◆ **REQUIREMENT**
Wherever the word "function" shows up in the data, report the line it sits in.

Stored entries
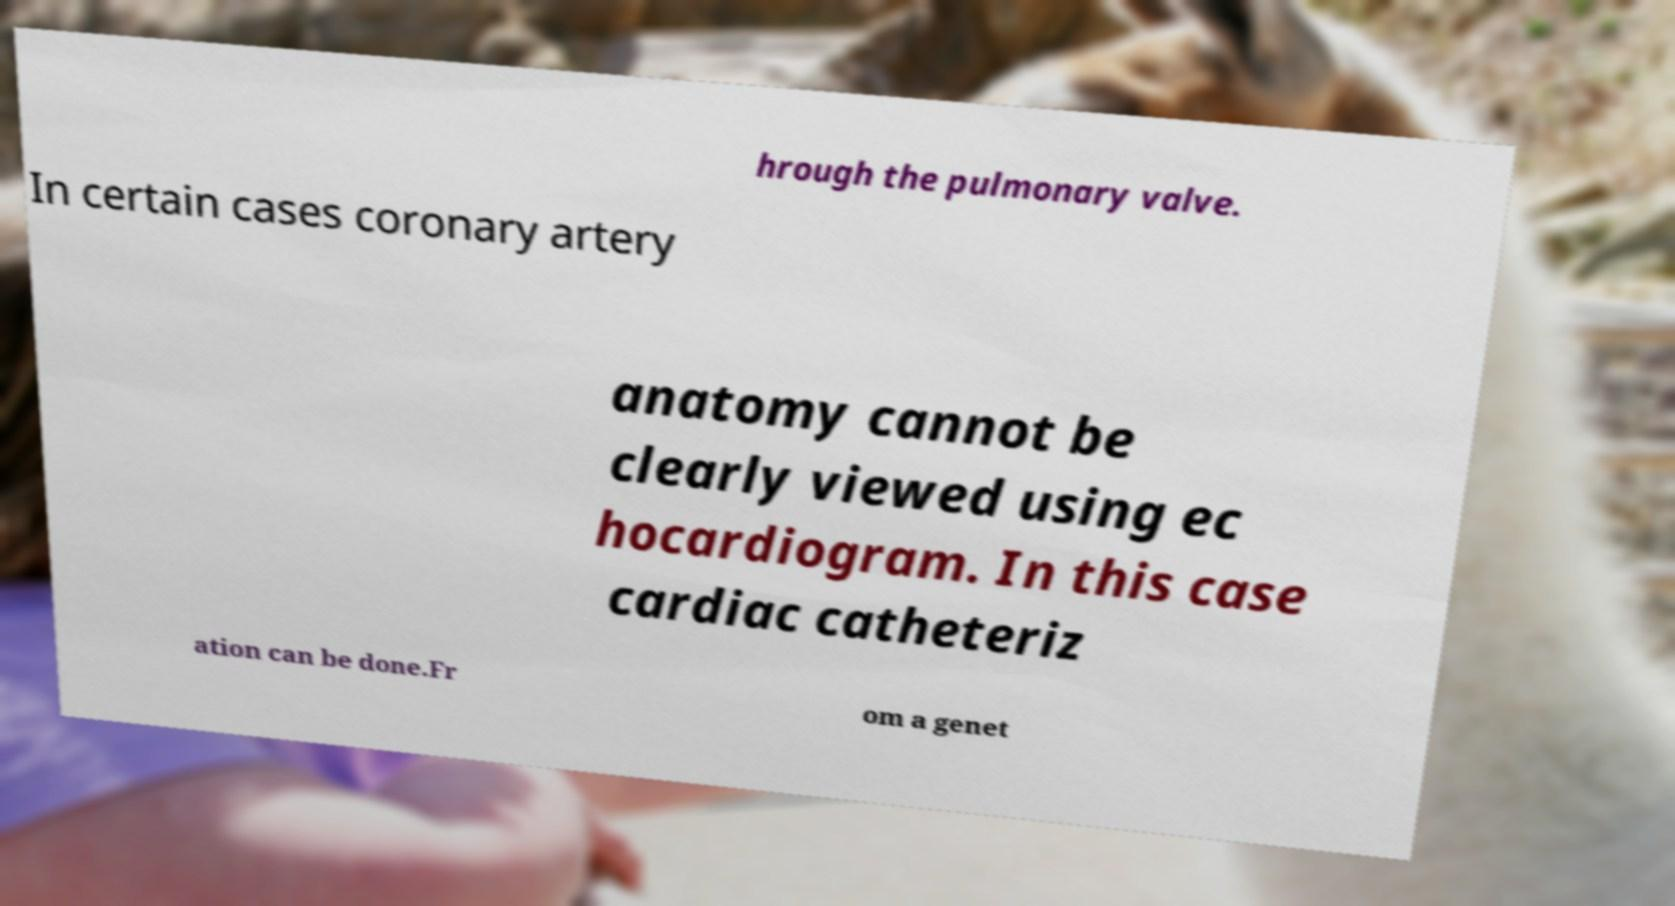There's text embedded in this image that I need extracted. Can you transcribe it verbatim? hrough the pulmonary valve. In certain cases coronary artery anatomy cannot be clearly viewed using ec hocardiogram. In this case cardiac catheteriz ation can be done.Fr om a genet 
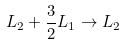Convert formula to latex. <formula><loc_0><loc_0><loc_500><loc_500>L _ { 2 } + \frac { 3 } { 2 } L _ { 1 } \rightarrow L _ { 2 }</formula> 
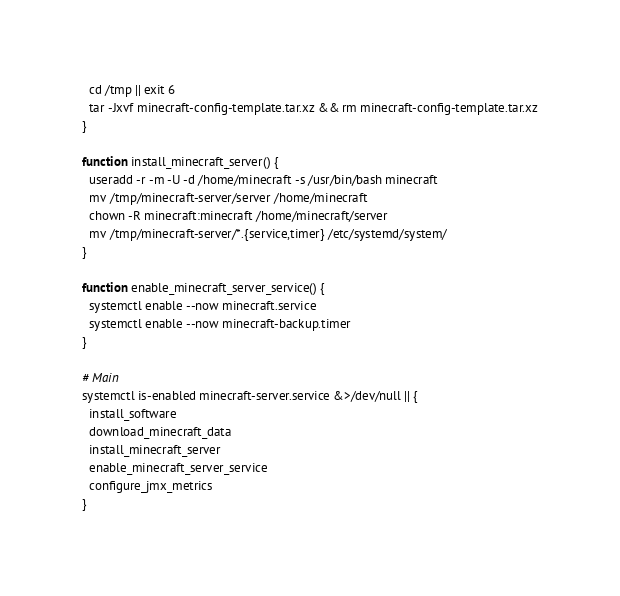<code> <loc_0><loc_0><loc_500><loc_500><_Bash_>  cd /tmp || exit 6
  tar -Jxvf minecraft-config-template.tar.xz && rm minecraft-config-template.tar.xz
}

function install_minecraft_server() {
  useradd -r -m -U -d /home/minecraft -s /usr/bin/bash minecraft
  mv /tmp/minecraft-server/server /home/minecraft
  chown -R minecraft:minecraft /home/minecraft/server
  mv /tmp/minecraft-server/*.{service,timer} /etc/systemd/system/
}

function enable_minecraft_server_service() {
  systemctl enable --now minecraft.service
  systemctl enable --now minecraft-backup.timer
}

# Main
systemctl is-enabled minecraft-server.service &>/dev/null || {
  install_software
  download_minecraft_data
  install_minecraft_server
  enable_minecraft_server_service
  configure_jmx_metrics
}
</code> 
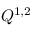Convert formula to latex. <formula><loc_0><loc_0><loc_500><loc_500>Q ^ { 1 , 2 }</formula> 
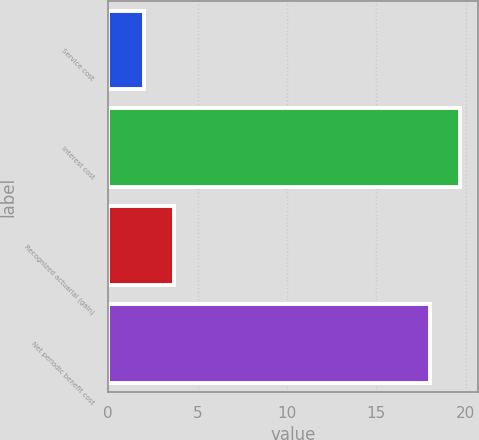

◆ **TASK ANSWER**
function install_minecraft_server() {
function enable_minecraft_server_service() {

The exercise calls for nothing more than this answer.